I also liked in the old version that there was a status bar showing you that the test was running. Now i just worry that it is frozen. Thanks for the new updates though, I really like the program.

shawpa commented 4 years ago

As an update to what I previously posted, I let the calculation proceed with the window size 200 option and it finally finished. I don't have an exact time of it finishing but it was well over 16 hours I am assuming. There was a warning that popped up at the end and I thought it might be helpful to share in case it is a bug. This warning didn't show up when I used the window size of 0.

Warning message: In parallel::mclapply(seq_along(gr), function(locus_idx) { : scheduled cores 1, 2, 3, 4, 6, 7, 8 did not deliver results, all values of the jobs will be affected

rcavalcante commented 4 years ago

This response is for @srialle in response to:

On the same dataset I get 5,021,511 methylation loci after methylSigReadData(), and it takes about 2 hours for methylSigCalc() to run. But at the end the object only contains 2,390,674 loci in the resulting GRanges object, so maybe the filtering was done differently and only half of the loci was tested?

In previous versions, methylSigReadData() had min/max count parameters that marked loci as having 0 coverage if the coverage was < min or > max. Then, any sites having 0 coverage in all samples would be removed. Further, with methylSigCalc() a minimum number of samples per group had to have non-zero coverage. So that would explain why your starting number of loci isn't the same as your ending number of loci.

In the newer version of methylSig we also mark loci outside of coverage bounds as 0 with filter_loci_by_coverage() and then we remove loci prior to testing with filter_loci_by_group_coverage(). So it's the same functionality, but in explicit functions, rather than part of the reading and testing functions.

I'm not really sure what to say about your comment because I don't really have enough information. If you showed your code using the older and newer versions of methylSig on the same data and the resulting number of loci at each step, we might be able to say something. But as it is, I'm not really sure how to respond to your observation.

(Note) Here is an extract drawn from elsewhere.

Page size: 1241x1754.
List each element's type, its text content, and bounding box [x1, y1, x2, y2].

rcavalcante commented 4 years ago

This response is for @shawpa:

Warning message: In parallel::mclapply(seq_along(gr), function(locus_idx) { : scheduled cores 1, 2, 3, 4, 6, 7, 8 did not deliver results, all values of the jobs will be affected

Unfortunately, it's not really possible to tell what happened from this message.

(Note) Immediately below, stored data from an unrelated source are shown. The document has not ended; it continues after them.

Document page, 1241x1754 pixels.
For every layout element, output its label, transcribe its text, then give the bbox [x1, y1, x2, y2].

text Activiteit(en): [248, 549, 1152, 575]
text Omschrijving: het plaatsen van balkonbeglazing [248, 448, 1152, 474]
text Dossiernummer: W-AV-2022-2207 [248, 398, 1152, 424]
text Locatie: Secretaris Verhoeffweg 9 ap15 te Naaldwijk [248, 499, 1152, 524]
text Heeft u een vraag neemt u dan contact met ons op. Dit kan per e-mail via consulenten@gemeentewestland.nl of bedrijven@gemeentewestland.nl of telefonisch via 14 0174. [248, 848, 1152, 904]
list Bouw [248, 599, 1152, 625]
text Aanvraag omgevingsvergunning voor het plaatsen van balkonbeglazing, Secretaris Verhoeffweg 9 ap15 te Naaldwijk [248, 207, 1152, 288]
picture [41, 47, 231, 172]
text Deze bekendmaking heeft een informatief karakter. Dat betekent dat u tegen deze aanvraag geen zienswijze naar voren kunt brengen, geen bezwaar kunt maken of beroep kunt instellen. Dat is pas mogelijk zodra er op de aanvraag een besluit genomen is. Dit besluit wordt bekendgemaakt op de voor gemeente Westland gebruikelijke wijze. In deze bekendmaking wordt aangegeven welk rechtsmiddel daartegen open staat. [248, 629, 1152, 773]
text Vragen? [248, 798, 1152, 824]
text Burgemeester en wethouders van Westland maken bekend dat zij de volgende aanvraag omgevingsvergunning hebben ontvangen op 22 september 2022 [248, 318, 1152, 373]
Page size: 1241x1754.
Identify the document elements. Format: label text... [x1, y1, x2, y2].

I also liked in the old version that there was a status bar showing you that the test was running. Now i just worry that it is frozen. Thanks for the new updates though, I really like the program.

I agree, this is a nice feature, but I'm not sure I'll be able to prioritize if it takes too much time. If you're concerned that something might have "frozen", check on the process in Task Manager (Windows), Activity Monitor (Mac), or top (Linux).

rcavalcante commented 4 years ago

I just wanted to ping this thread and mention that I plan to work on this prior to the next Bioconductor release (October).